It’s the final day of the Steam Autumn Sale so if you’re looking for cheap gaming this may be your last chance till the Christmas sale next month. There’s plenty to pick from today, such as the beautiful Sword & Sworcery, the brain tickling Crusader Kings 2, to RSI-inducing Counter-Strike Global Offensive.

Have a read of our rundown.

The mainstream games

Crusader Kings 2 Collection -75%
UK Price: £11.24
US: $12.49

Paul: I think this is Paradox Development Studios’ best game. It’s still very much an acquired taste for a certain kind of strategy gamer and, much like the similar Hearts of Iron and Europa Universalis series, it remains a big, slow and often very complex thing to wrestle with, but it’s also the studio’s most accessible game yet. While Europa Universalis is about economies and Hearts of Iron is about baffling chains of command, Crusader Kings 2 is about personalities and people, and is much easier to relate to. That said, you’ll still tie yourself up in knots trying to work out who’s in line to inherit what, but that’s the fundamental flaw of the feudal system. Futile system, more like.

Tropico 4 -80%
UK Price: £4.99
US: $5.99

Rob: I actually quite like Tropico 4, even though I’m not sure it challenges players consistently enough.
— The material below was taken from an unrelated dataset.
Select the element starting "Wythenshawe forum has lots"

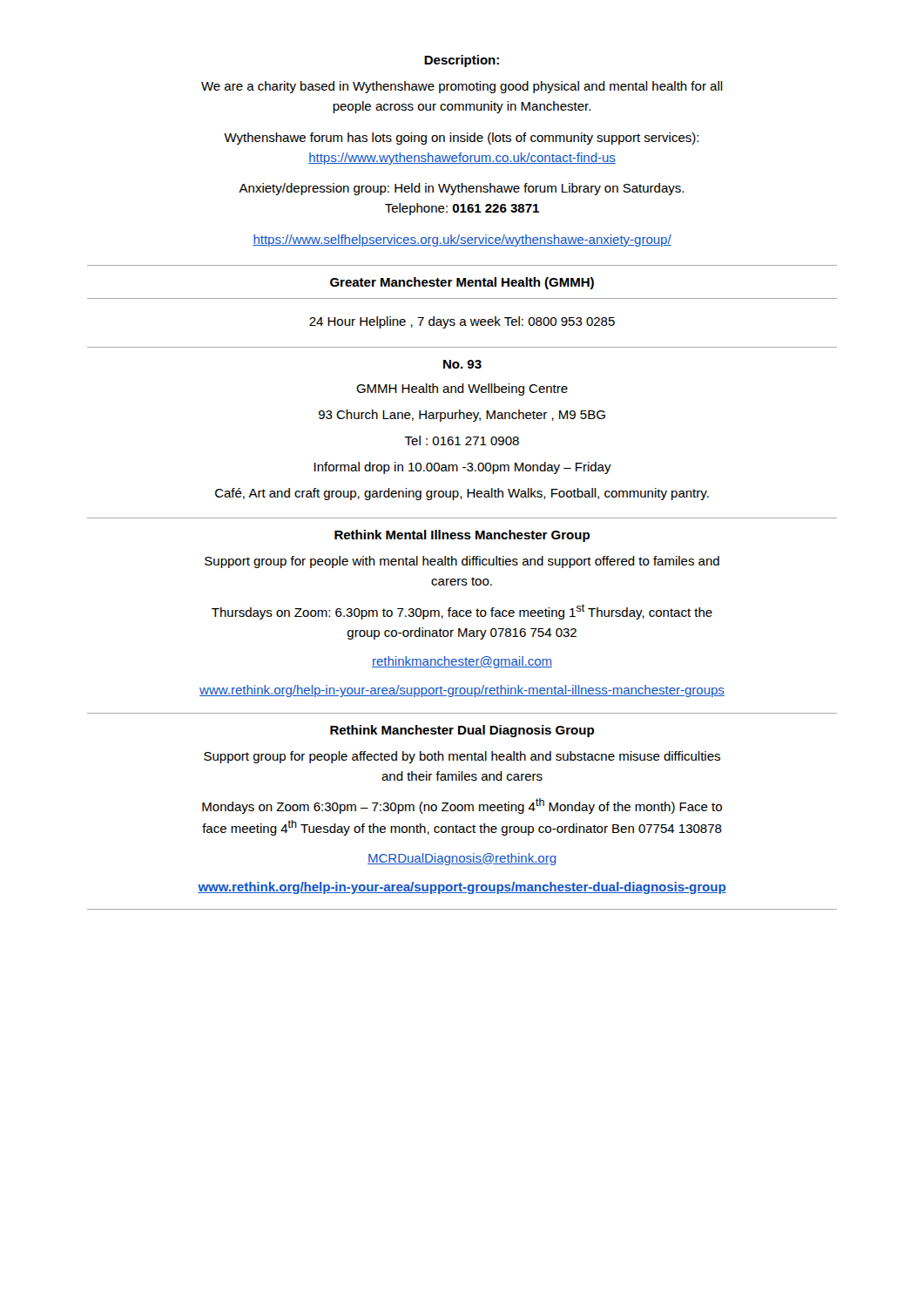(462, 147)

Back when I reviewed it for RPS, I became a little frustrated at how much being a tinpot dictator in a banana republic is a lot like being a talented and conscientious mayor in just about any other city manager. I still wish Tropico 4 were a little more Bananas and a little less West Wing.
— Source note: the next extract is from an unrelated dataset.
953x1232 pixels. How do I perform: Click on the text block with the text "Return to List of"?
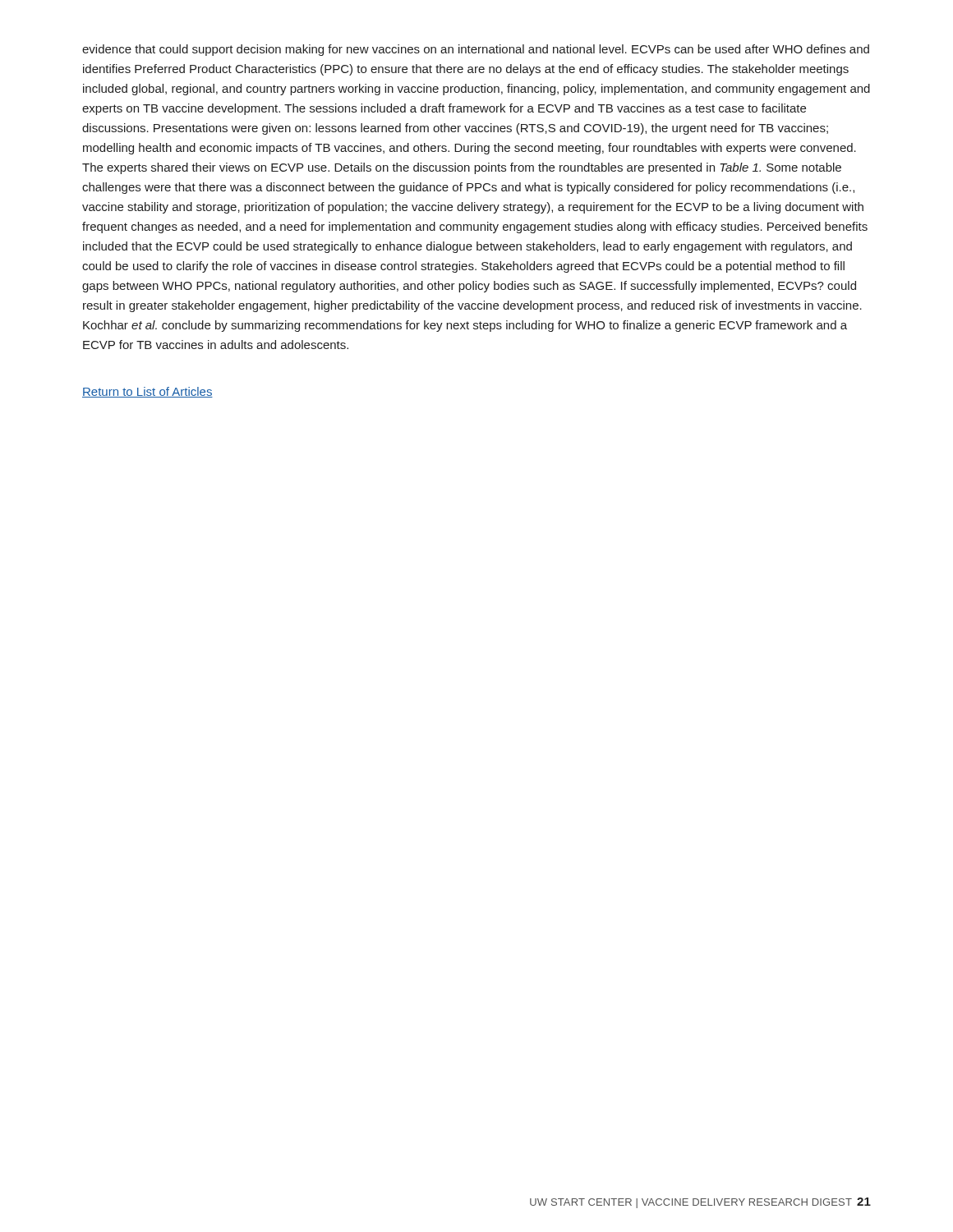147,391

Still, it’s a good city builder that rewards the senses. Tropic 4 is a beautiful game and you will create beautiful settlements full of expansive white beaches lined with cabanas and hotels, and even your slums will be teeming with life amidst the palm groves. The salsa score gives Tropico 4 a loose, breezy feel that nicely complements its fairly forgiving approach.

Grand Theft Auto 4 -75%
UK Price: £6.24
US: $7.49

Paul: I’ve always felt the GTA games became too repetitive too quickly, not just within themselves, but as the series developed. Another escort mission? Another trip from point A to point B? Another “find and kill the red dots” job? If you’ve played GTA 3, Vice City or San Andreas, you’ve already experienced quite a lot of what GTA 4 has to offer and all this sequel really adds is an extra layer of gloss. That said, PC gamers get to enjoy some of the sillier mods out there, which makes the PC the platform to own this game on.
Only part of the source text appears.